Adriana Zuniga-Teran, an architect student, found that residents of suburban developments report highest mental well-being levels, residents of traditional neighborhoods with accessible commercial areas walk the most, residents of gated communities do not feel safer from crime (despite the security of their design) and residents of house communities that are clustered together interact the most with their neighbors. The residents of cluster housing often times have to share amenities, which brings them closer. Zuniga-Teran also found that mixed-use neighborhoods that are close to stores and restaurants had the most walkers. People are walking for both transportation and recreation. Unsurprisingly, residents of high-crime areas had the lowest levels of mental wellness.

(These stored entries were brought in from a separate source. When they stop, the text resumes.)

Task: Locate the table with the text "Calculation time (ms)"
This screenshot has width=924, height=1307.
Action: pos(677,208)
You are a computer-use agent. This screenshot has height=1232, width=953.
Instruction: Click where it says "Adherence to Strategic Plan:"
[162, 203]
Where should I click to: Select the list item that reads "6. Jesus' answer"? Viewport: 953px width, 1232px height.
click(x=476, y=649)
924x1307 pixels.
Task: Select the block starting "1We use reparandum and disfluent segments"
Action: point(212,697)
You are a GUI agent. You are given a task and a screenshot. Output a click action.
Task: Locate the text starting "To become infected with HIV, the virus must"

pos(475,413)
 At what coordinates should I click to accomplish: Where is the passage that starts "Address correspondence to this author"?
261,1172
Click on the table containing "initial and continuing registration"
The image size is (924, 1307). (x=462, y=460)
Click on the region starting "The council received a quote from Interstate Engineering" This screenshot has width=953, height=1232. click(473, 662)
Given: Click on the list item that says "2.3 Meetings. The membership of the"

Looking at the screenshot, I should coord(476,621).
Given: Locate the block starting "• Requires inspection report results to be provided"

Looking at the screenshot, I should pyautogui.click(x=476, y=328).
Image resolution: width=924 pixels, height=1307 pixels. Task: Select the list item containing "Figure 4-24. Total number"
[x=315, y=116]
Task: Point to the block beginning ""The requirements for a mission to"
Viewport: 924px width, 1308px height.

She found that the areas do not even have to be technically considered “high-crime.” If a neighborhood is covered in trash and graffiti, people are less likely to walk.

Zuniga-Teran was shocked by the high levels of mental health in suburban neighborhoods, because she expected them to feel the negative aspects of longer commute times, increased traffic, etc. She realized that the levels were so high due to the green space, and also the interactions between community members. She was most surprised by the fact that gated-community members did not feel any safer. She expected higher levels of mental wellness due to their extra security.

In the end, Zuniga-Teran found that the most beneficial impacts may include creating maintenance programs and planting trees/gardens in neighborhoods, especially low-income areas. She found that trees relate to frequent neighbor interactions and a higher perception of safety.